A: About 5000 characters. Split longer content at sentence boundaries.

Q: How does voice selection work?

A: Pass language + gender, OR voice_id (which overrides), OR voice_name (legacy ElevenLabs aliases). For OpenAI, only voice_id is meaningful (alloy/echo/fable/onyx/nova/shimmer).

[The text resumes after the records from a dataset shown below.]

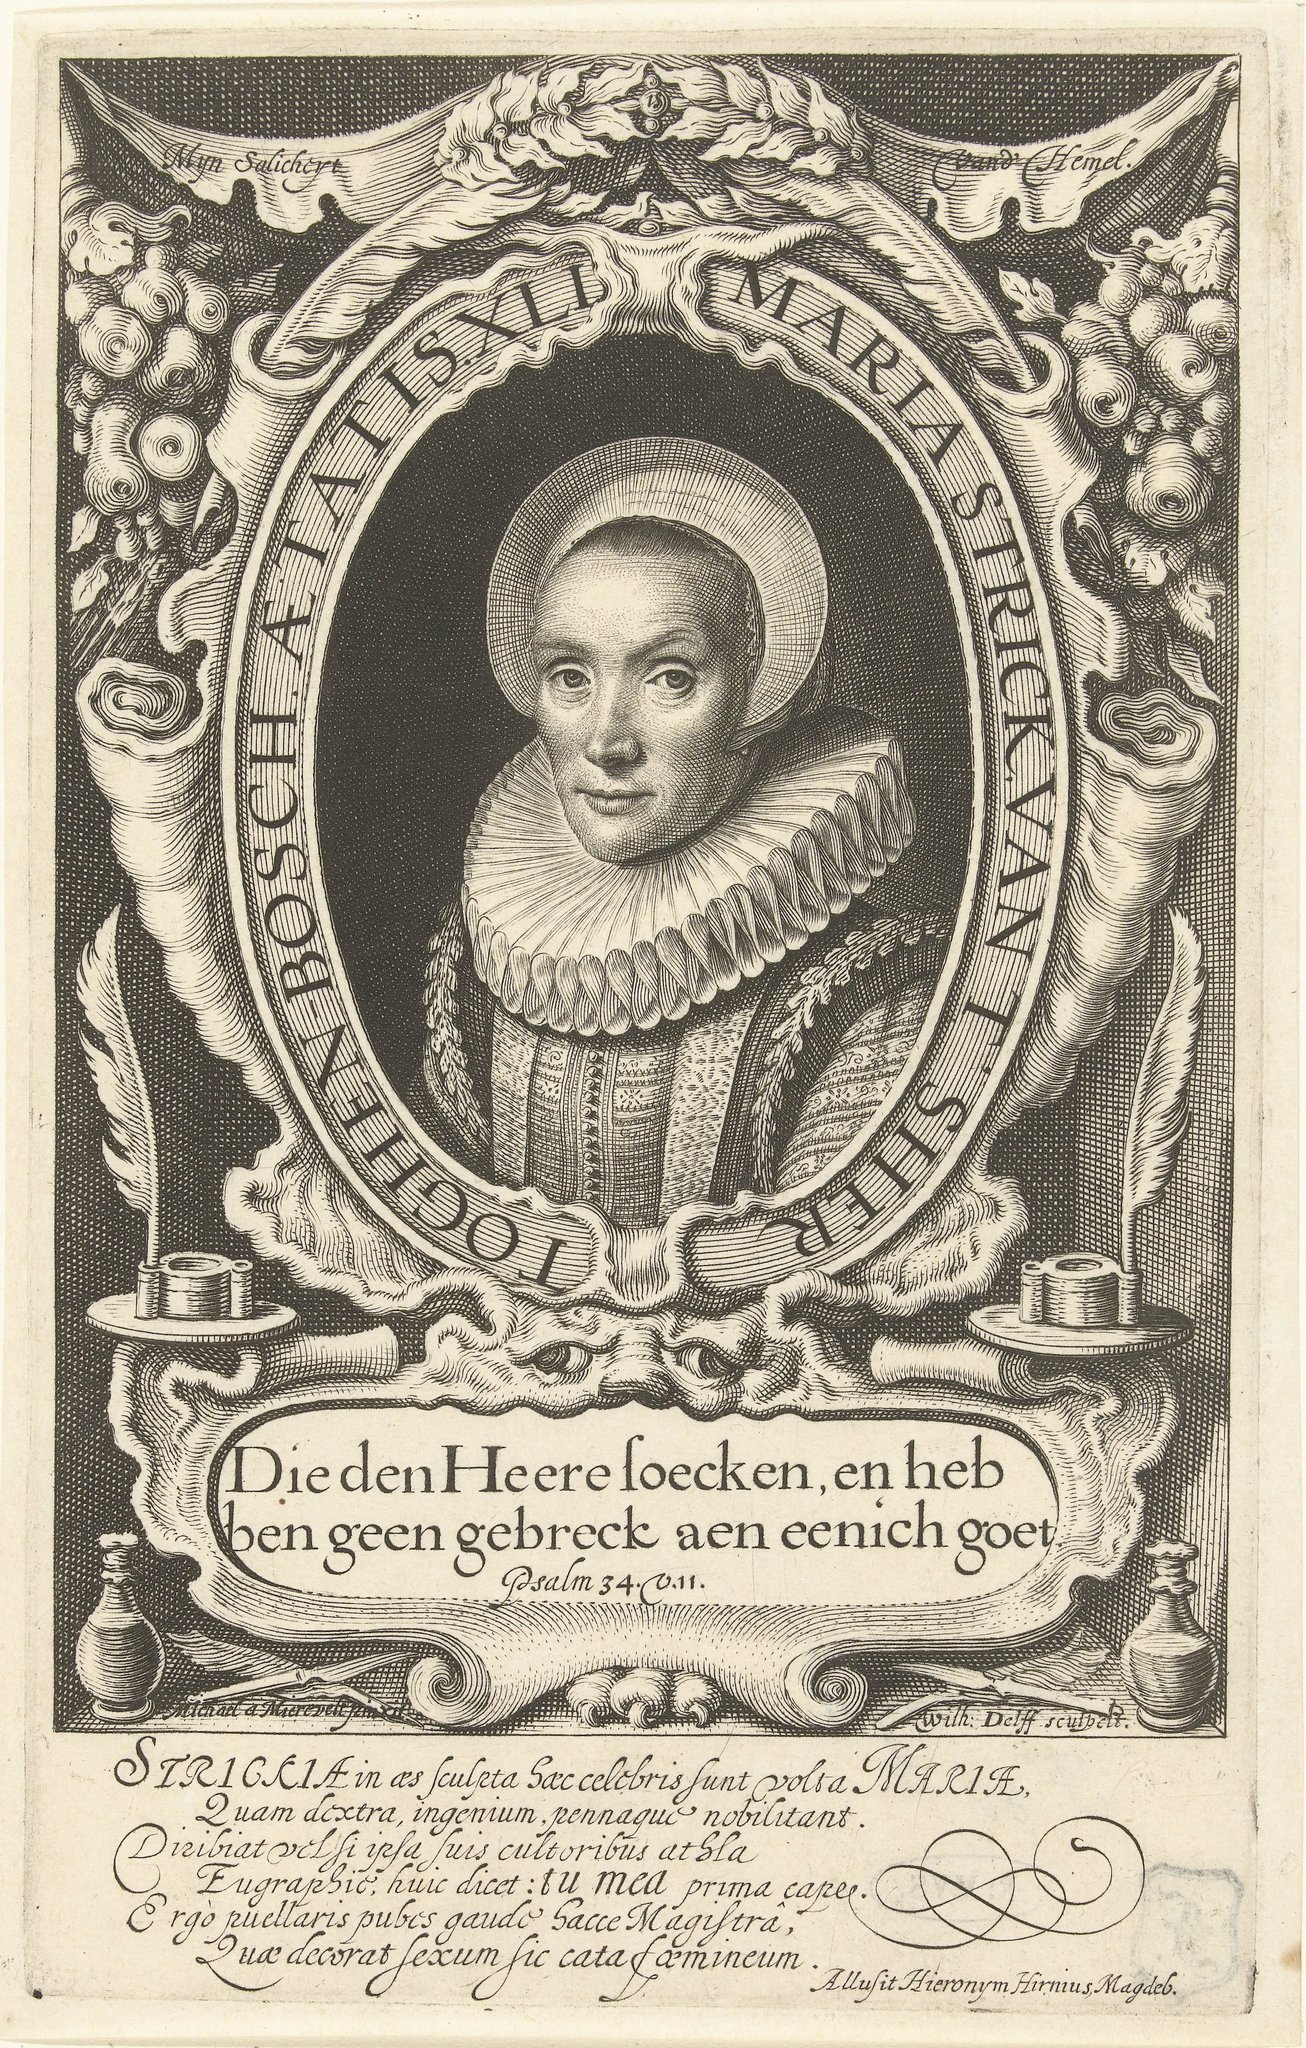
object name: print
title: Portret van Maria Strick op 41-jarige leeftijd
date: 1618
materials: paper
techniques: engraving
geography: delft
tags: den bosch, rotterdam, maria strick, scholastic education, tuition (+ teacher, professor)
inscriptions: collector's mark: Lugt 963, collector's mark: Lugt 2228
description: Portret van schoonschrijfster en onderwijzeres Maria Strick op 41-jarige leeftijd, borststuk met molenkraag en muts in ovale cartouche bekroond met palmbladeren en versierd met fruit. Onder portret cartouche met links en rechts inktpot en ganzenveer en regel tekst uit Psalm 34. In ondermarge Latijns vers in zes regels.
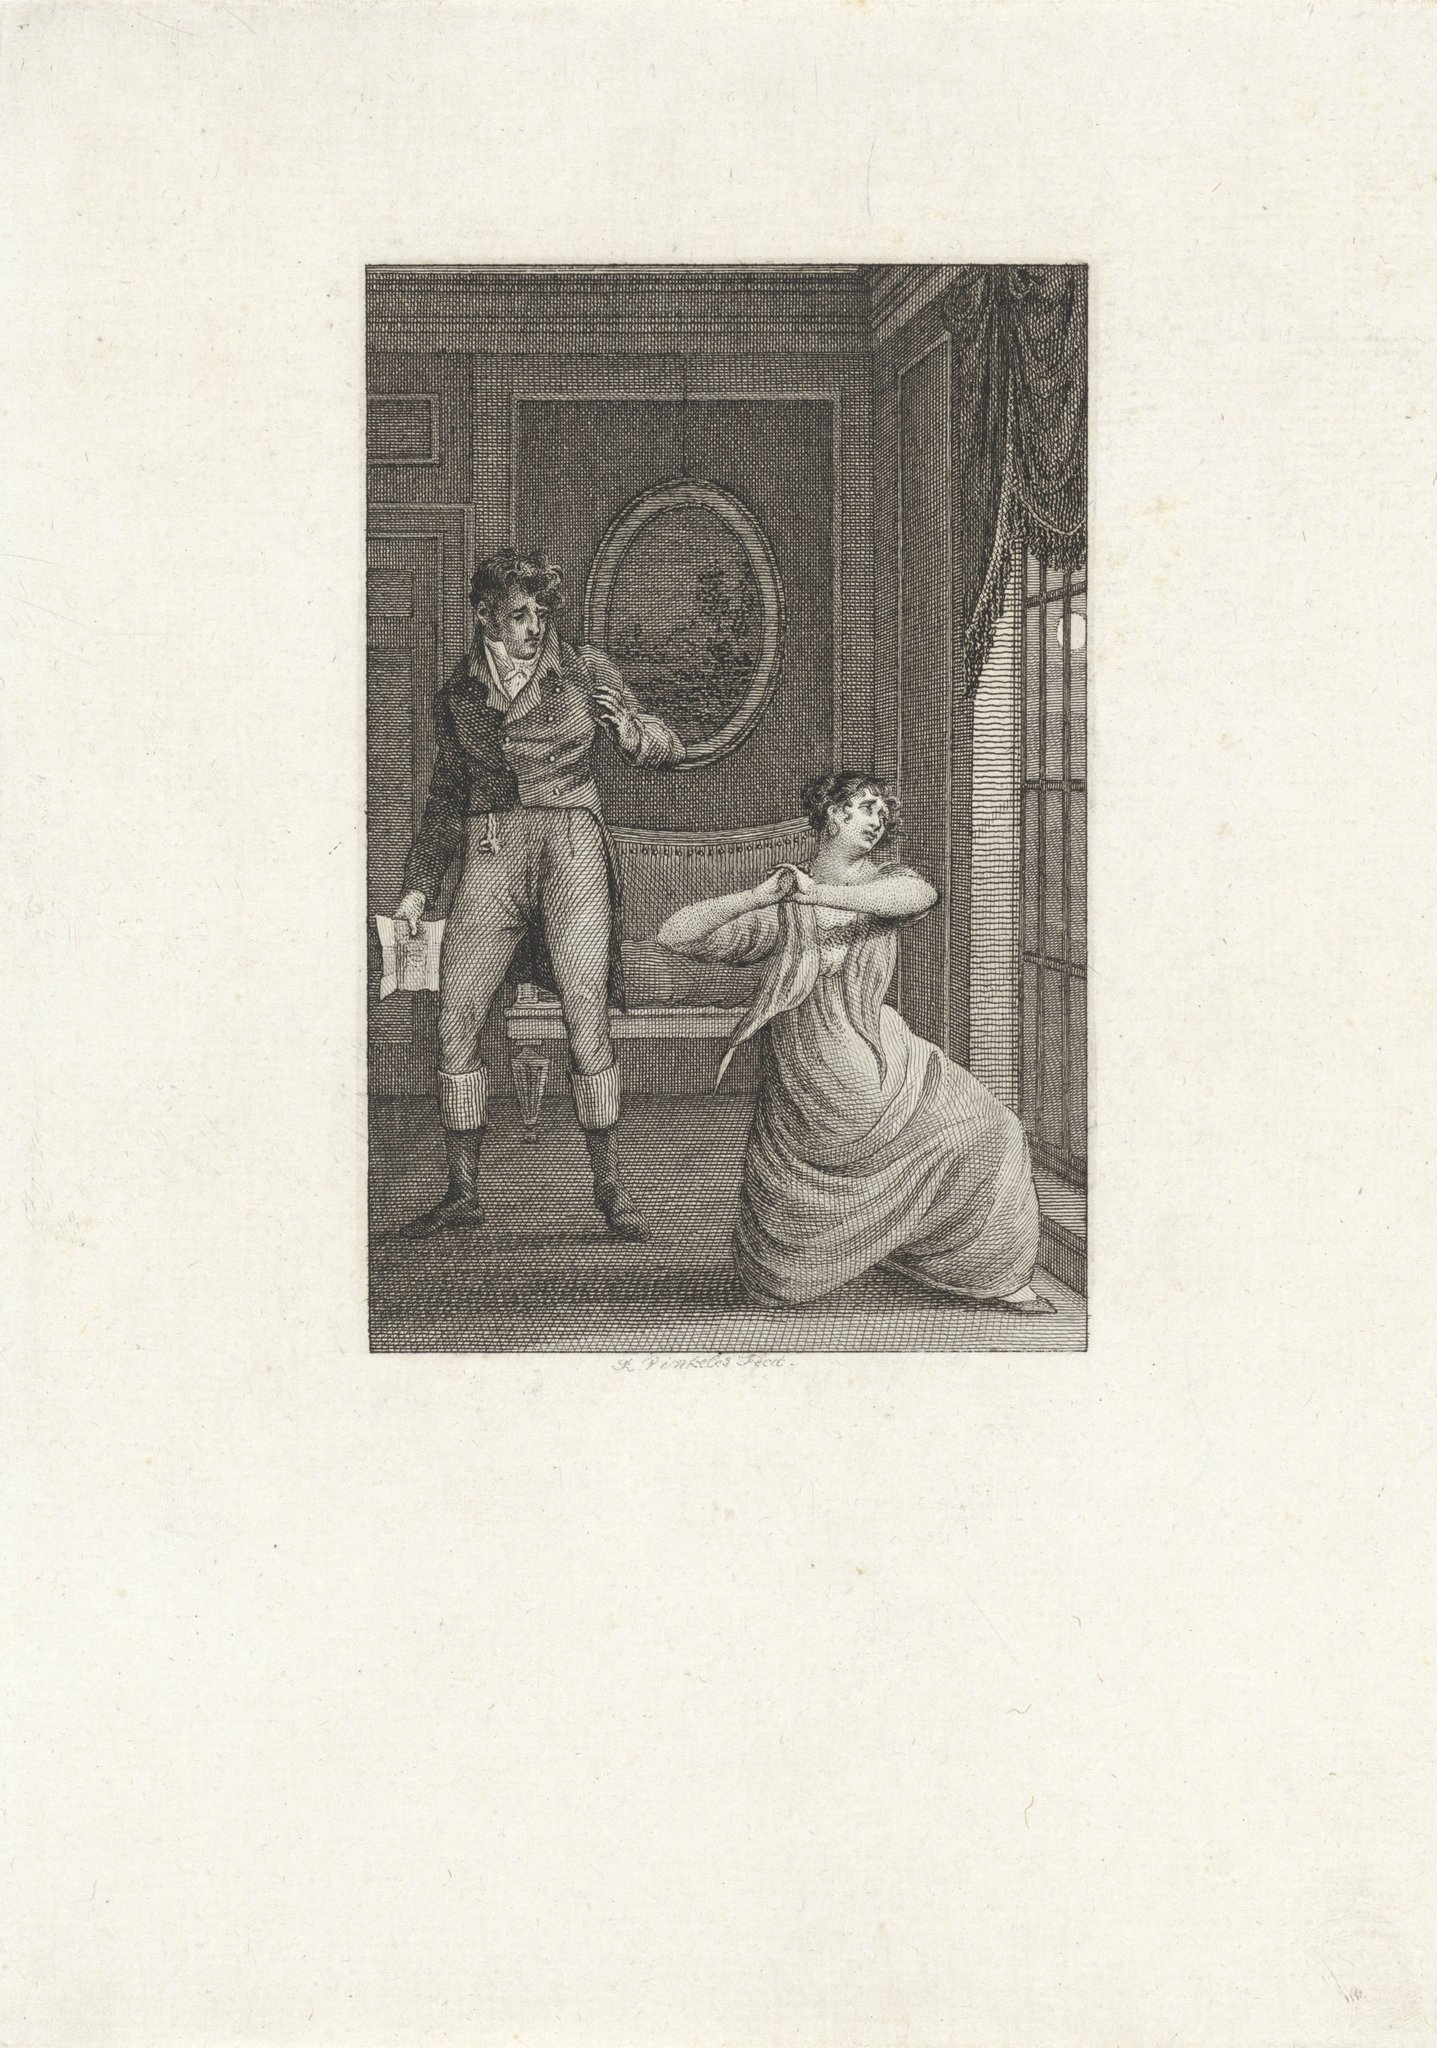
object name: print
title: Man met een brief en een knielende vrouw voor het raam
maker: reinier vinkeles (i)
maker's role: draughtsman, print maker
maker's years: 1741-1816
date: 1751-1816
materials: paper
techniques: engraving, etching
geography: amsterdam
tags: full moon, kneeling figure, letter, envelope
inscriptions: collector's mark: Lugt 2228
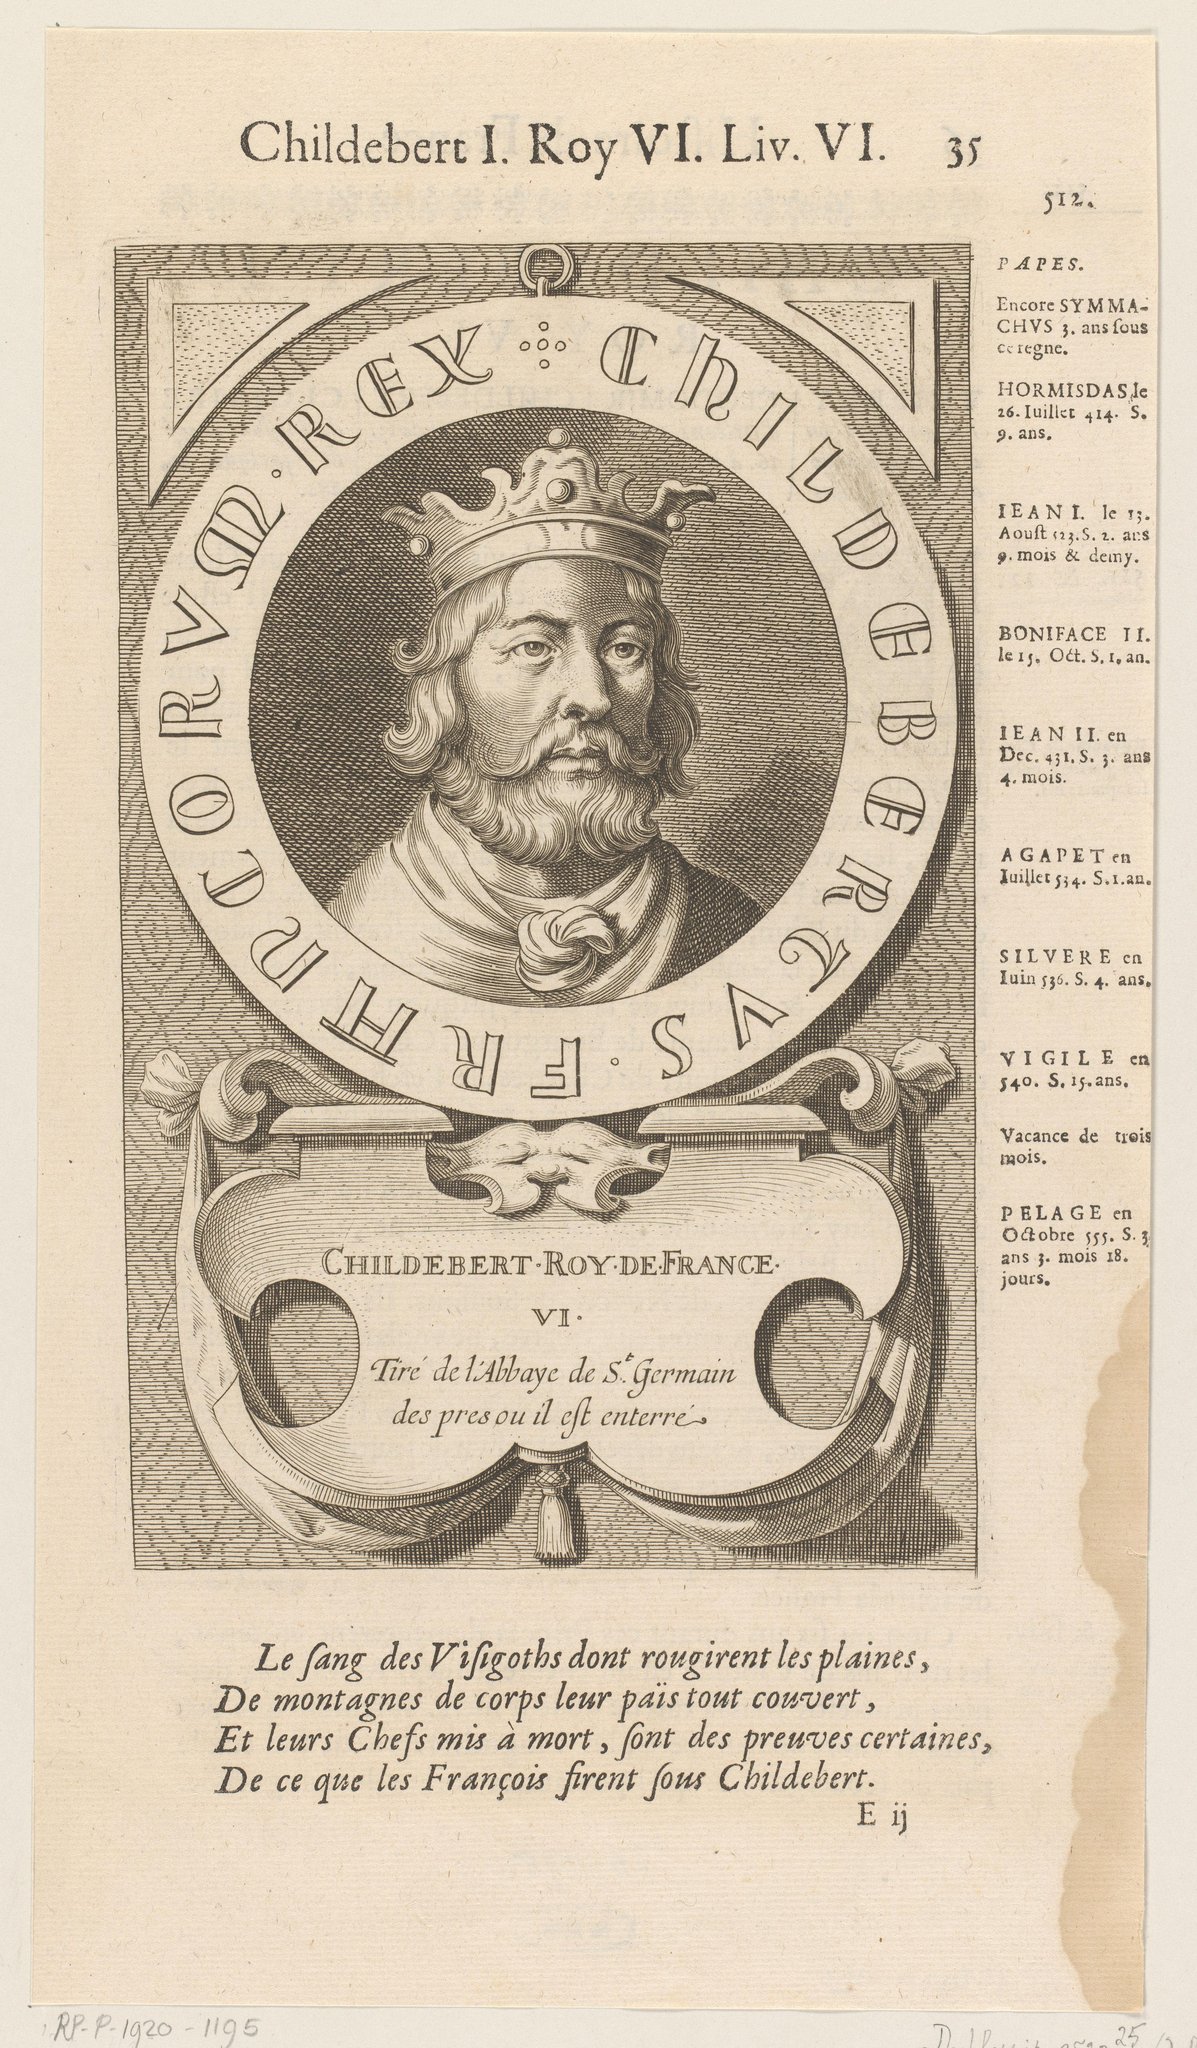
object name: print
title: Childebert I, koning der Franken
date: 1635
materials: paper
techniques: engraving, letterpress printing
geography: paris
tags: historical persons, ruler, sovereign
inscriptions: collector's mark: Lugt 2228
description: Prent uit: Eudes de Mézeray, François. Histoire de France, depuis Faramond jusqu’au regne de Louis le Juste (...). 3 dln. Parijs: Denis Thierry, Jean Guignard en Claude Barbin, 1635, dl. 1. Prent waarschijnlijk voor het eerst verschenen in: Bie, Jacques de. Les vrais portraits des rois de France (...). Parijs: Jacques de Bie en Pierre Rocolet, 1634. Prent ook gebruikt in latere publicaties.
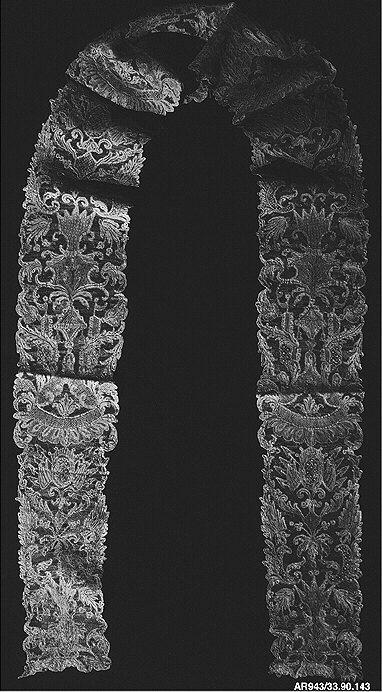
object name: lappet
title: Pair of lappets
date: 1701-1733
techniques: lace

Q: What does HD quality do?

A: Switches to a higher-fidelity model on providers that support it (ElevenLabs primarily). Same per-second pricing.

Q: Can I use a previously cloned voice?

A: Yes. Either (a) pass voice_id with the cloned voice's ID returned by core-voice-clone, or (b) use clone_from_audio per-call (no persistence).

Q: Does speed affect pricing?

A: No. Billing is on generated duration regardless of speed.

Q: Why is OpenAI's response shape different?

A: OpenAI exposes only six fixed voices, language-agnostic, no settings/cloning. The API surfaces this asymmetry in the catalog (note field + supports_* all false).

Related Products

Changelog

1.1 (2026-04-27)

  • -Documented all three providers explicitly (elevenlabs / minimax / openai) — replaced the generic backend_a/backend_b placeholders.
  • -Added the full TTSRequest body schema from the upstream Pydantic model: provider (default elevenlabs), voice_name (legacy ElevenLabs), clone_from_audio, clone_from_video, keep_source_file, auto_delete_after_hours, cinema8_env.
  • -Documented the per-call voice-cloning fields (clone_from_audio, clone_from_video) and how they relate to the persistent clone in voice-clone-tts.
  • -Updated voices response example with real shape: legacy_voices + legacy_voice_mapping (ElevenLabs only), descriptive MiniMax voice names, OpenAI's note field.
  • -Added cost object to the response example so users know what they were billed.

1.0 (2026-01-01)

  • -Initial release with multi-backend TTS and voice listing.